A figure emerged from the fore hatch, indistinct in the gloom. It hesitated, then came across and stood over him. Renzi looked down, with pity and revulsion in his expression. Blind sentiment played no part in Renzi’s character — Kydd must take his chances along the road he himself had chosen. In his own past he had seen too many like him, worse in fact, for those with the wealth to do it could go to hell in their own way. Renzi moved away — but something made him return. He looked down again. Kydd returned the look with drunken resentment and Renzi swore harshly, for he knew he could not abandon him. Not when the man bore the uncanny resemblance that had haunted Renzi since Kydd first came aboard. He jerked Kydd to his feet, tore the bottle from his grasp and hurled it into the night.

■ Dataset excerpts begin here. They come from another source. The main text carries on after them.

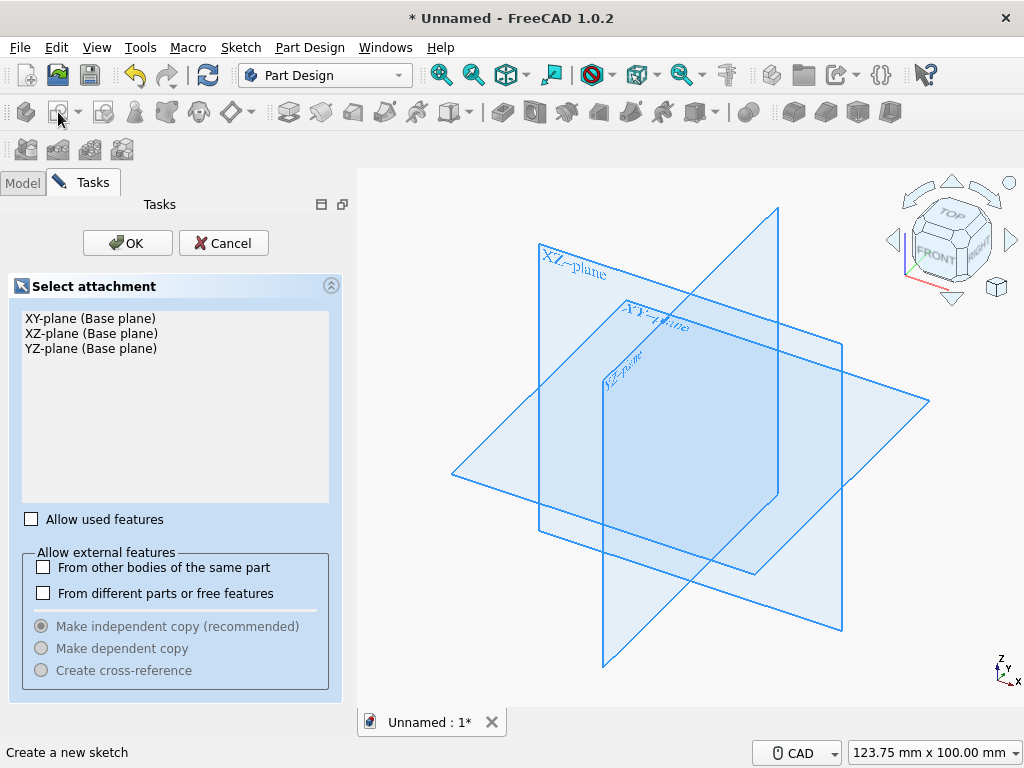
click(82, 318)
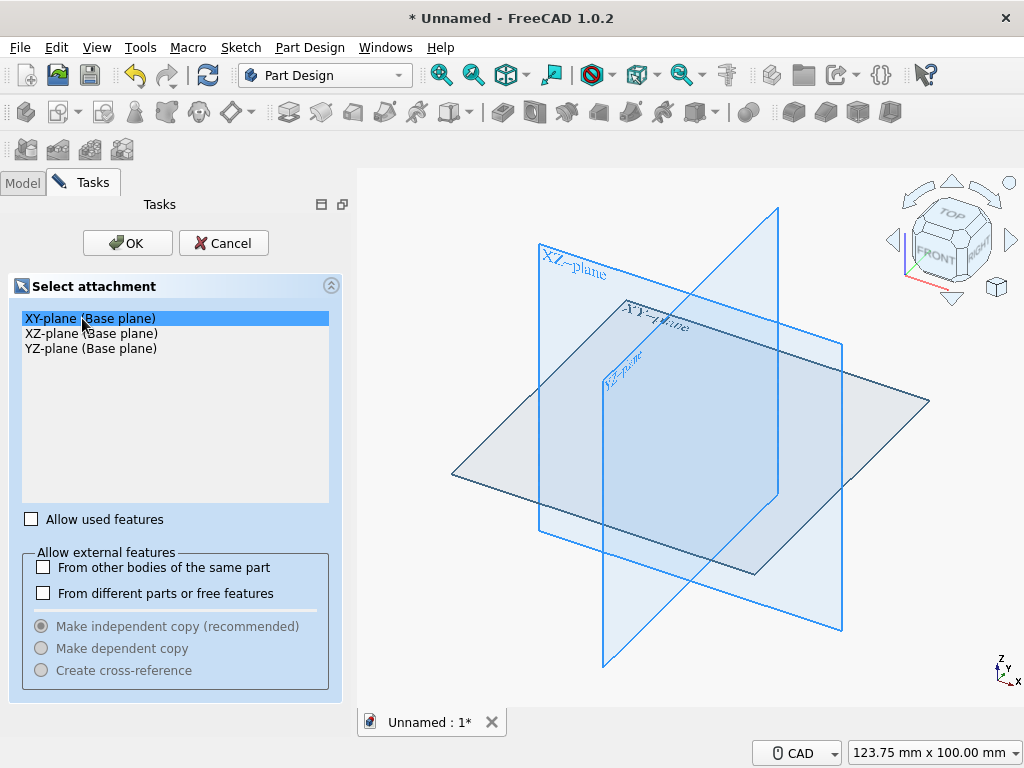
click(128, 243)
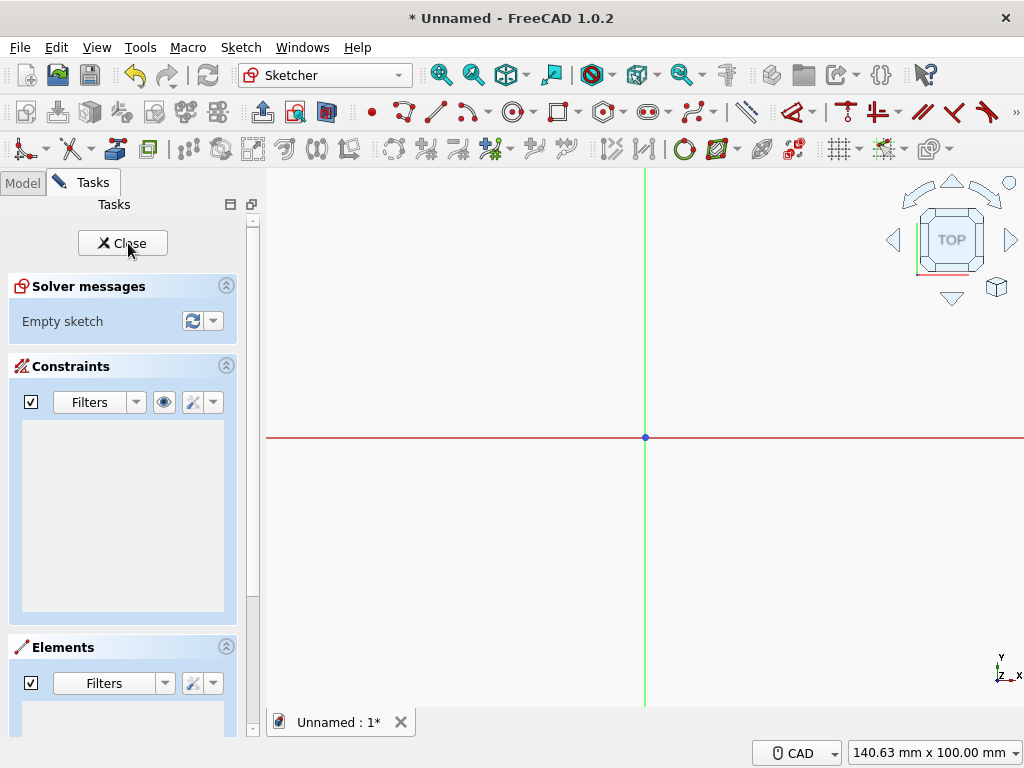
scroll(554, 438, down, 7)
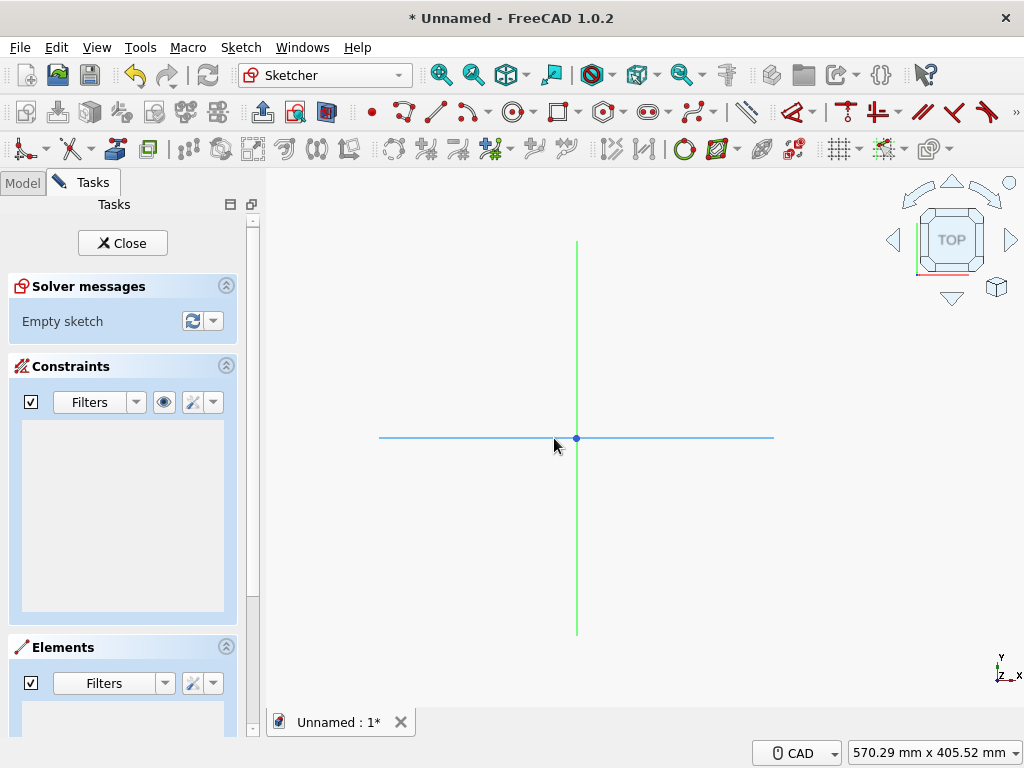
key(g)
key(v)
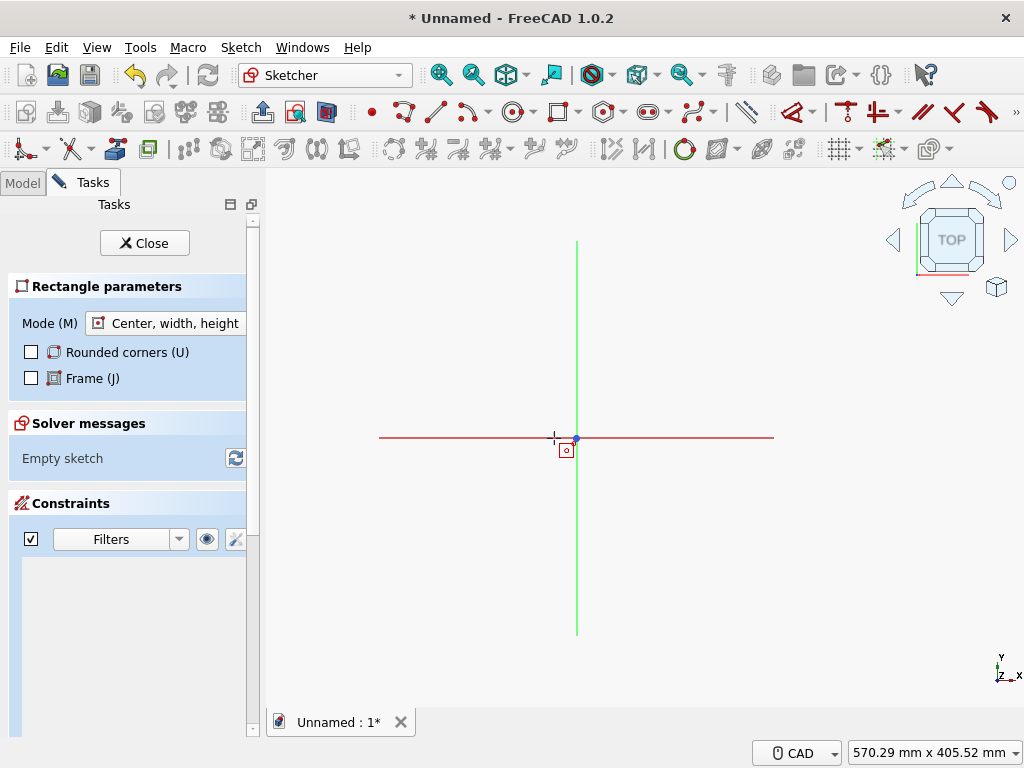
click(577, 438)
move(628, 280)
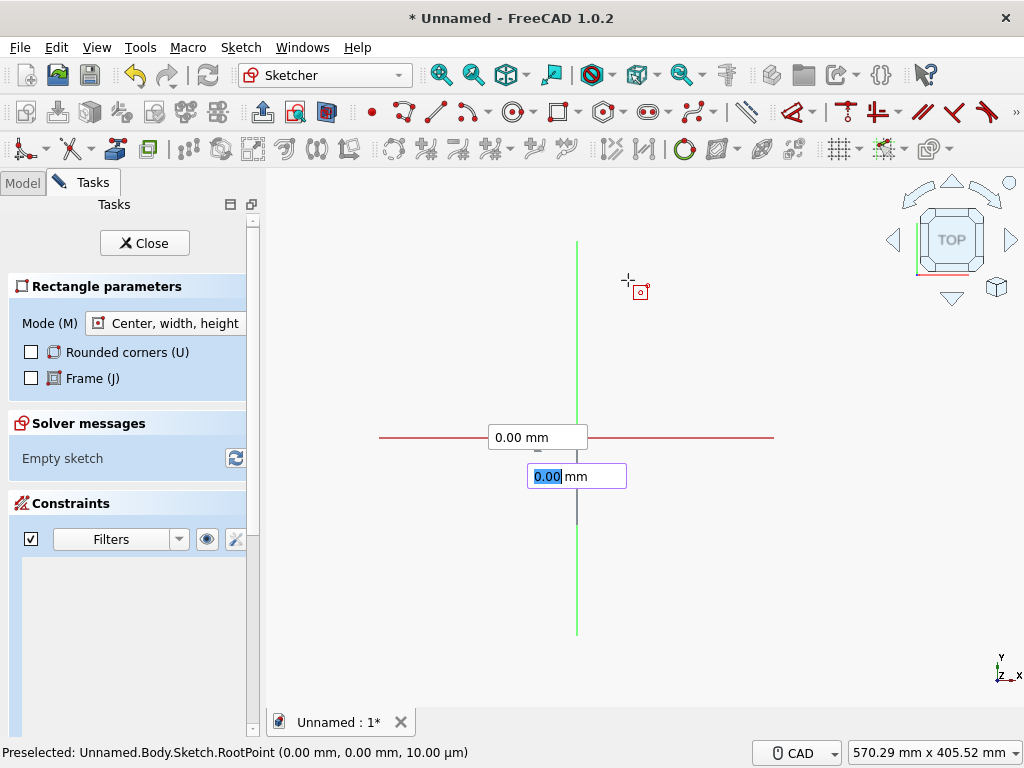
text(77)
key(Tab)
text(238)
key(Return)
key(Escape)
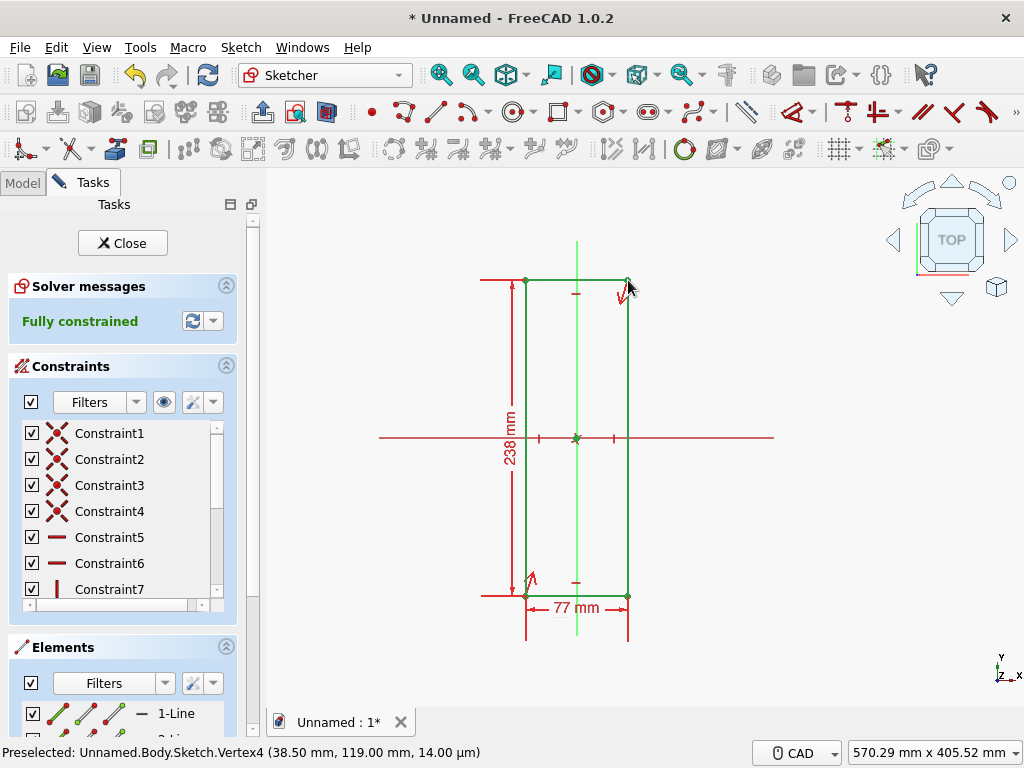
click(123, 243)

“Wha — how dar’ you, s-sir!” Kydd spluttered, trying to dislodge the grip clamped on his collar. Somehow his feet found the deck and he wriggled free.
Renzi regarded him grimly.
Kydd bristled. “You never l-liked Joe,” he said. “You don’ like anybody, you slivey bast’d!”
Renzi had deep reasons for his detached position. But something had to be done: if he did nothing, disengaged himself — the result would be inevitable. A pang of memory stabbed at him.
“Wha’s matter? Can’t speak? Don’t wanna speak wi’ a common jack — you too high ’n’ mighty, then?”
Kydd had changed, Renzi acknowledged to himself. Far from being a naïve young man from a country town pressed into an uncaring, alien environment, he was gaining confidence in his considerable natural abilities and had a very real prospect of being a fine seaman — if he survived.
“Ah, yes!” He looked at Renzi sideways with a leer. “I know — I know why you’re at sea wi’ the rest of us!”
He made exaggerated glances around to check for listeners. “You’ve done something, haven’t you? Somethin’ bad, I’ll wager, ’n’ they’re after you. You go ashore, they’re gonna nobble you. You’re runnin’, Renzi, running from somethin’.”